● **Exercise requirements**
Identify and pull out each line of the entries in which "released" occurs.

Stored data
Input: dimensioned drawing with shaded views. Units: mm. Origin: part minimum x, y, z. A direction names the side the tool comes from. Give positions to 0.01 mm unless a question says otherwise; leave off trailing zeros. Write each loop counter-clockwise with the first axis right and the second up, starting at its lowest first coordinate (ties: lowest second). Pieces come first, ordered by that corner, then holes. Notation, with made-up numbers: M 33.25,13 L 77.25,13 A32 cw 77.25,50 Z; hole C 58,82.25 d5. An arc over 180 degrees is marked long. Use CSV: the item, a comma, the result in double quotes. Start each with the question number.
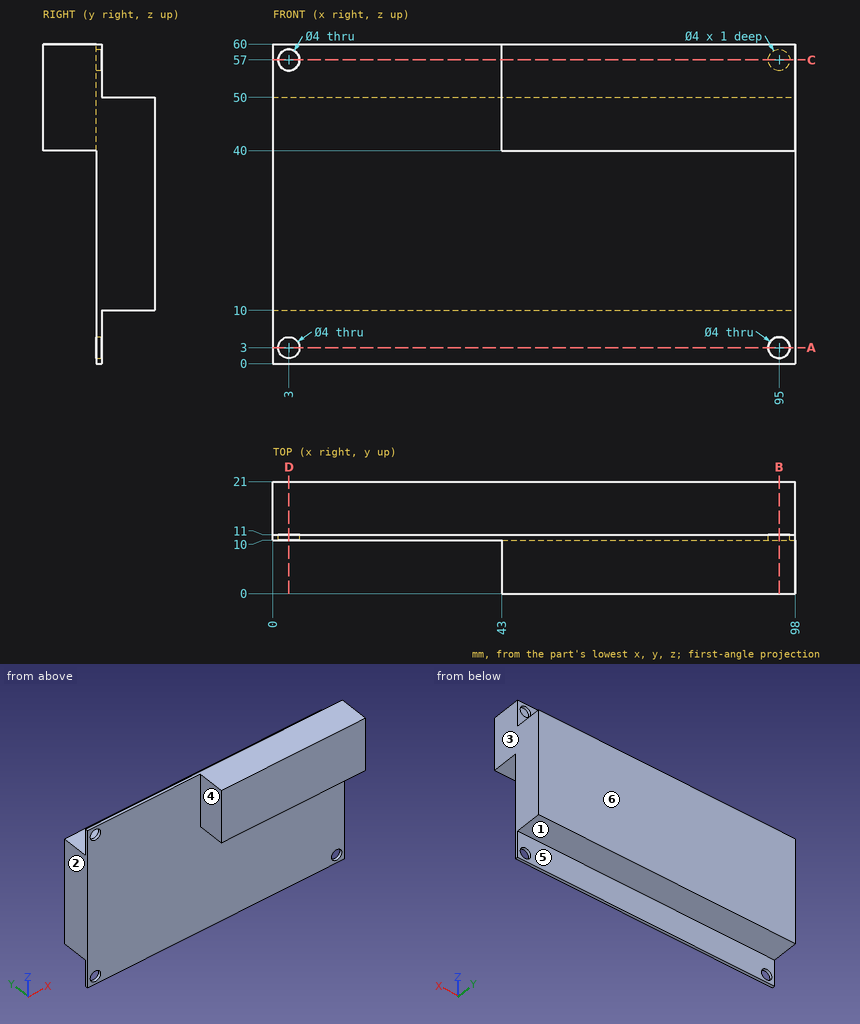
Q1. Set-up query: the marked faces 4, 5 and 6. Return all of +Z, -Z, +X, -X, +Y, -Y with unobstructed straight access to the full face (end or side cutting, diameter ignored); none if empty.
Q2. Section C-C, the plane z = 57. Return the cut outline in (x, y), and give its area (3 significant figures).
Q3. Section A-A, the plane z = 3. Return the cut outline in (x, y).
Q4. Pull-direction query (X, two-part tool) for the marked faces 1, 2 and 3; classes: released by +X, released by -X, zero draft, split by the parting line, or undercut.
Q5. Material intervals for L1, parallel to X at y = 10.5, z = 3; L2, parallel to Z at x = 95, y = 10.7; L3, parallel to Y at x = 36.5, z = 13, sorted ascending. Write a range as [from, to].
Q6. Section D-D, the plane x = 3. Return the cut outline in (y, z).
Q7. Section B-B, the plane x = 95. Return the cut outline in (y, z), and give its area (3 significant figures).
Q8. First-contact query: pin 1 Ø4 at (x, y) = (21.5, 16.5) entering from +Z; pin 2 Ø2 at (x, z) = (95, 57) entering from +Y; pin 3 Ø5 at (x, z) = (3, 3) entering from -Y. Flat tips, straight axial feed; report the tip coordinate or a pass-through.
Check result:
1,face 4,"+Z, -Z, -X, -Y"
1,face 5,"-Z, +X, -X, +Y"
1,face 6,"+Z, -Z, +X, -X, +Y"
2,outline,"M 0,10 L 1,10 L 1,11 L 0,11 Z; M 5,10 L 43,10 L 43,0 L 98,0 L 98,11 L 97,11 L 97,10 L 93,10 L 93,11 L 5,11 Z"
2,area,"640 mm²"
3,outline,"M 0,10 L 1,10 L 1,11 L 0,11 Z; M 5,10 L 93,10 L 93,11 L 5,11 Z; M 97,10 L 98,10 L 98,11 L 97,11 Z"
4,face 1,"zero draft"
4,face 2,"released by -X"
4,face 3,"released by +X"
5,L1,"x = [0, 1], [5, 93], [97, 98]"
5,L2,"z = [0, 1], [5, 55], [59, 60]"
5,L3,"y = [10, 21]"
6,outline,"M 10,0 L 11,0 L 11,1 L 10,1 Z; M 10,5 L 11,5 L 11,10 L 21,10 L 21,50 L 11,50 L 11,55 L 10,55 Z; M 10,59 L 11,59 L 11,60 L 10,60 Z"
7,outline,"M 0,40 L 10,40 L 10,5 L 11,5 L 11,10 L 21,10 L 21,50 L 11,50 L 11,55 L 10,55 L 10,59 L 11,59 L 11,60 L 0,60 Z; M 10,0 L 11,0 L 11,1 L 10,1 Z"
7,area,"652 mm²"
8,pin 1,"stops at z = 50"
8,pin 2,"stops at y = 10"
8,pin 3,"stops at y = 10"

● **Response box**
Q4. Pull-direction query (X, two-part tool) for the marked faces 1, 2 and 3; classes: released by +X, released by -X, zero draft, split by the parting line, or undercut.
4,face 2,"released by -X"
4,face 3,"released by +X"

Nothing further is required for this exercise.